Records from a data source:

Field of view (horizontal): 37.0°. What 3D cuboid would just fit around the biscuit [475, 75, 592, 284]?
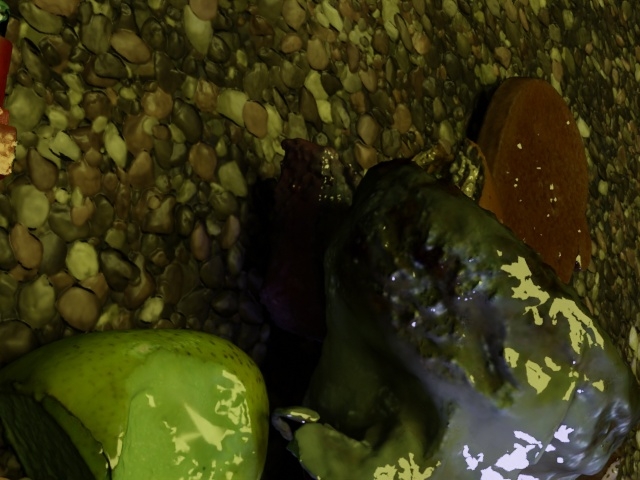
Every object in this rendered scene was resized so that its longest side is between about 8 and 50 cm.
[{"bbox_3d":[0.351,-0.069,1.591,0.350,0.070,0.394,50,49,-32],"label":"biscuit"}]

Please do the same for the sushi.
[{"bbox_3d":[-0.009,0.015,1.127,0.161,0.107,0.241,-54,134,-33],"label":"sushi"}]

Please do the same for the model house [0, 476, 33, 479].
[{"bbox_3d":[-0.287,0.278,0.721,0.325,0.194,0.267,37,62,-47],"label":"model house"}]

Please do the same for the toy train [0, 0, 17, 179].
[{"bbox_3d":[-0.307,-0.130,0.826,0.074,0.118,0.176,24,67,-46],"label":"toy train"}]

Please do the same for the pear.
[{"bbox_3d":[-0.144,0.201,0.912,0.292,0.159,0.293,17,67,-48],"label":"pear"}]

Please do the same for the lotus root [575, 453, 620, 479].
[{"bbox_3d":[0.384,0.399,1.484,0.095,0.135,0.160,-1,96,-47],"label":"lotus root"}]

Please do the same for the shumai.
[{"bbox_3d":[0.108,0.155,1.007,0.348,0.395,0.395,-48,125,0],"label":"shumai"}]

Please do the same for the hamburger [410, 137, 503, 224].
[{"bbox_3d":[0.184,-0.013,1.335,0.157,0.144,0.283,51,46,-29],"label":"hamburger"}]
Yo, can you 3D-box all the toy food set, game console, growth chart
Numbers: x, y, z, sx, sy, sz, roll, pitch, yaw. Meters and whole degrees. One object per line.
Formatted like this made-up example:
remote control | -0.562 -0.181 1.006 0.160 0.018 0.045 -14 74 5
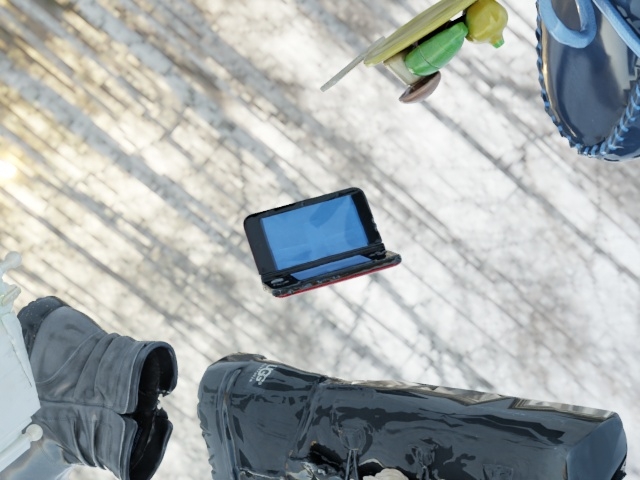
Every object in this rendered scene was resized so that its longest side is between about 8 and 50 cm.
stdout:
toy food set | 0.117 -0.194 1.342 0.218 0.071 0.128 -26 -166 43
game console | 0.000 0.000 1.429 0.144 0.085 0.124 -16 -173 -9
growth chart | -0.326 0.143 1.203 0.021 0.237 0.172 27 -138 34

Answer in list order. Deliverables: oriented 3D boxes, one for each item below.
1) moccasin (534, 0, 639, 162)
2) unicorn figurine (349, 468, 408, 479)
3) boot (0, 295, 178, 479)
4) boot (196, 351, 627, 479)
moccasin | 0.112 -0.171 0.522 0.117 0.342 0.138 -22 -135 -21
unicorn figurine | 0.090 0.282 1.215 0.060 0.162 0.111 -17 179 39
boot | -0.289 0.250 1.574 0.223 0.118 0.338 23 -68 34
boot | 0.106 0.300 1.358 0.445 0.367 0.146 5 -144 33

→ Aim of the exercise
Of the lines above, retype only those from the line containing "Please do the same for the shumai." through the line containing "Yo, can you", including both, exactly.

→ Task result
Please do the same for the shumai.
[{"bbox_3d":[0.108,0.155,1.007,0.348,0.395,0.395,-48,125,0],"label":"shumai"}]

Please do the same for the hamburger [410, 137, 503, 224].
[{"bbox_3d":[0.184,-0.013,1.335,0.157,0.144,0.283,51,46,-29],"label":"hamburger"}]
Yo, can you 3D-box all the toy food set, game console, growth chart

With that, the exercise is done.